Determine how many lines of the entries contain "insert". Reply with that number alone.
━━━ TASK INPUTS
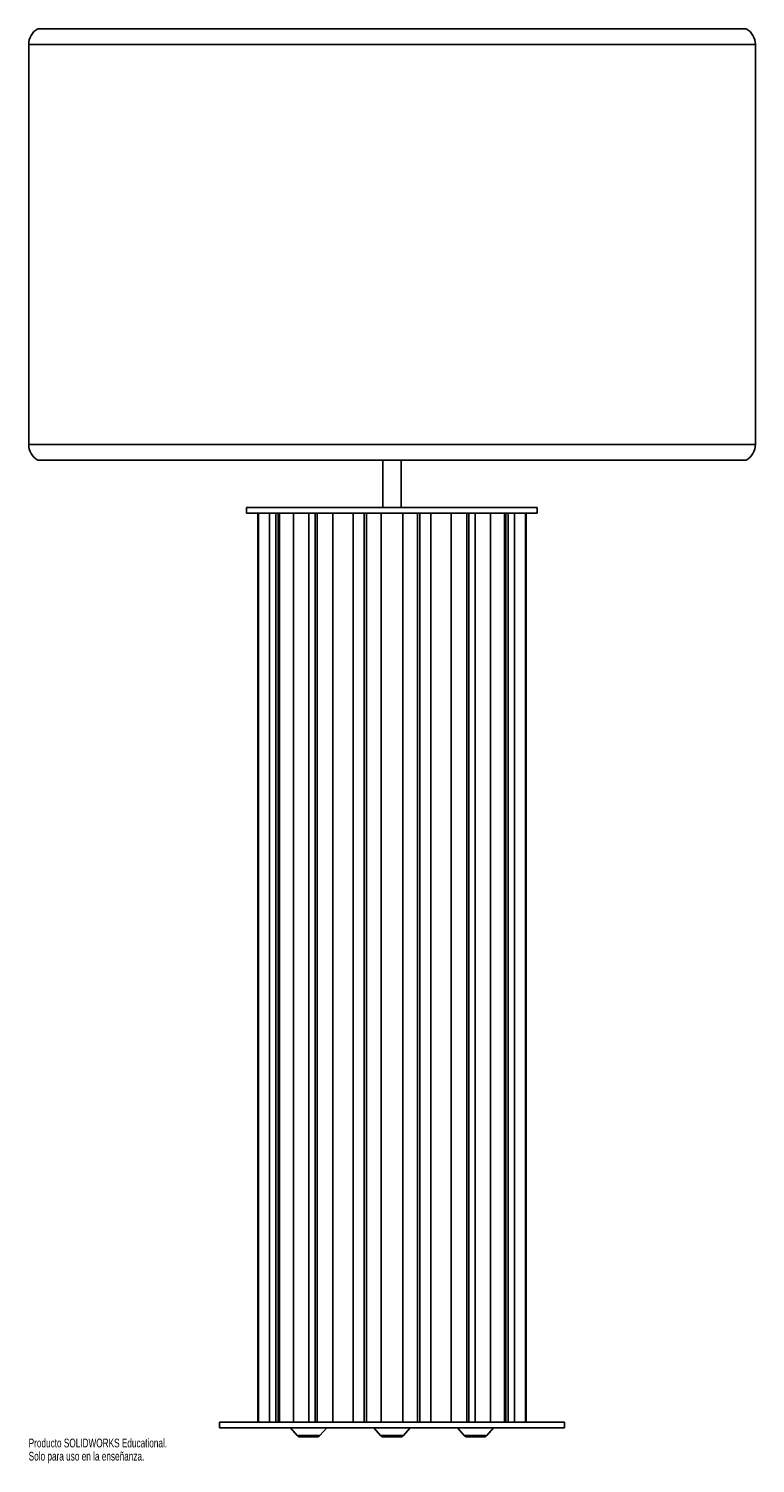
# Model space of a CAD drawing. Header units: inches. Extents: x -29.9 to -14.1, y -8 to 23.
import ezdxf

# ---------------------------------------------------------------- set-up
doc = ezdxf.new("R2010")
doc.units = ezdxf.units.IN
doc.header["$MEASUREMENT"] = 0
doc.styles.add('SLDTEXTSTYLE0', font='TXT', dxfattribs={"width": 0.7})

msp = doc.modelspace()

# ---------------------------------------------------------------- linework, layer by layer
at = {"color": 7, "linetype": 'Continuous', "lineweight": 25}
for p, q in [((-29.685, 23.03), (-14.331, 23.03)), ((-29.882, 22.689), (-29.882, 14.027)), ((-14.134, 22.689), (-29.882, 22.689)), ((-14.134, 14.027), (-14.134, 22.689)), ((-29.882, 14.027), (-14.134, 14.027)), ((-14.331, 13.687), (-29.685, 13.687)), ((-22.205, 13.687), (-22.205, 12.658)), ((-21.811, 12.658), (-21.811, 13.687)), ((-25.158, 12.658), (-25.158, 12.54)), ((-25.158, 12.658), (-18.859, 12.658)), ((-25.158, 12.54), (-18.859, 12.54)), ((-24.915, 12.54), (-24.915, -7.145)), ((-24.909, 12.54), (-24.909, -7.145)), ((-24.899, -7.145), (-24.899, 12.54)), ((-24.666, 12.54), (-24.666, -7.145)), ((-24.529, 12.54), (-24.529, -7.145)), ((-24.478, 12.54), (-24.478, -7.145)), ((-24.449, -7.145), (-24.449, 12.54)), ((-24.141, 12.54), (-24.141, -7.145)), ((-23.808, 12.54), (-23.808, -7.145)), ((-23.67, 12.54), (-23.67, -7.145)), ((-23.627, -7.145), (-23.627, 12.54)), ((-23.291, 12.54), (-23.291, -7.145)), ((-22.851, -7.145), (-22.851, 12.54)), ((-22.61, 12.54), (-22.61, -7.145)), ((-22.559, -7.145), (-22.559, 12.54)), ((-22.246, 12.54), (-22.246, -7.145)), ((-21.77, -7.145), (-21.77, 12.54)), ((-21.458, 12.54), (-21.458, -7.145)), ((-21.407, -7.145), (-21.407, 12.54)), ((-21.165, 12.54), (-21.165, -7.145)), ((-20.725, -7.145), (-20.725, 12.54)), ((-20.389, 12.54), (-20.389, -7.145)), ((-20.346, -7.145), (-20.346, 12.54)), ((-20.208, -7.145), (-20.208, 12.54)), ((-19.876, -7.145), (-19.876, 12.54)), ((-19.568, 12.54), (-19.568, -7.145)), ((-19.539, -7.145), (-19.539, 12.54)), ((-19.487, -7.145), (-19.487, 12.54)), ((-19.351, -7.145), (-19.351, 12.54)), ((-19.117, 12.54), (-19.117, -7.145)), ((-19.107, -7.145), (-19.107, 12.54)), ((-19.102, -7.145), (-19.102, 12.54)), ((-18.859, 12.54), (-18.859, 12.658)), ((-25.748, -7.145), (-25.748, -7.264)), ((-18.268, -7.145), (-25.748, -7.145)), ((-18.268, -7.264), (-25.748, -7.264)), ((-24.211, -7.264), (-24.064, -7.433)), ((-24.064, -7.433), (-23.572, -7.433)), ((-23.572, -7.433), (-23.424, -7.264)), ((-22.402, -7.264), (-22.254, -7.433)), ((-22.254, -7.433), (-21.762, -7.433)), ((-21.762, -7.433), (-21.614, -7.264)), ((-20.592, -7.264), (-20.445, -7.433)), ((-20.445, -7.433), (-19.952, -7.433)), ((-19.952, -7.433), (-19.805, -7.264)), ((-18.268, -7.264), (-18.268, -7.145)), ((-23.631, -7.46), (-24.004, -7.46)), ((-21.821, -7.46), (-22.195, -7.46)), ((-20.012, -7.46), (-20.385, -7.46))]:
    msp.add_line(p, q, dxfattribs=at)
for centre, radius, start, end in [((-29.488, 22.689), 0.394, 120, 180), ((-14.528, 22.689), 0.394, 0, 60), ((-29.488, 14.027), 0.394, 180, 240), ((-14.528, 14.027), 0.394, 300, 0), ((-24.004, -7.382), 0.0787, 221, 270), ((-23.631, -7.382), 0.0787, 270, 319), ((-22.195, -7.382), 0.0787, 221, 270), ((-21.821, -7.382), 0.0787, 270, 319), ((-20.385, -7.382), 0.0787, 221, 270), ((-20.012, -7.382), 0.0787, 270, 319)]:
    msp.add_arc(centre, radius, start, end, dxfattribs=at)

# ---------------------------------------------------------------- texts
at = {"color": 7, "linetype": 'Continuous', "char_height": 0.1903, "attachment_point": 1, "style": 'SLDTEXTSTYLE0'}
for s, insert in [('Producto SOLIDWORKS Educational.', (-29.882, -7.501)), ('Solo para uso en la enseñanza.', (-29.882, -7.786))]:
    msp.add_mtext(s, dxfattribs=dict(at, insert=insert))

doc.saveas('drawing.dxf')
━━━━━━
--- ANSWER BOX ---
2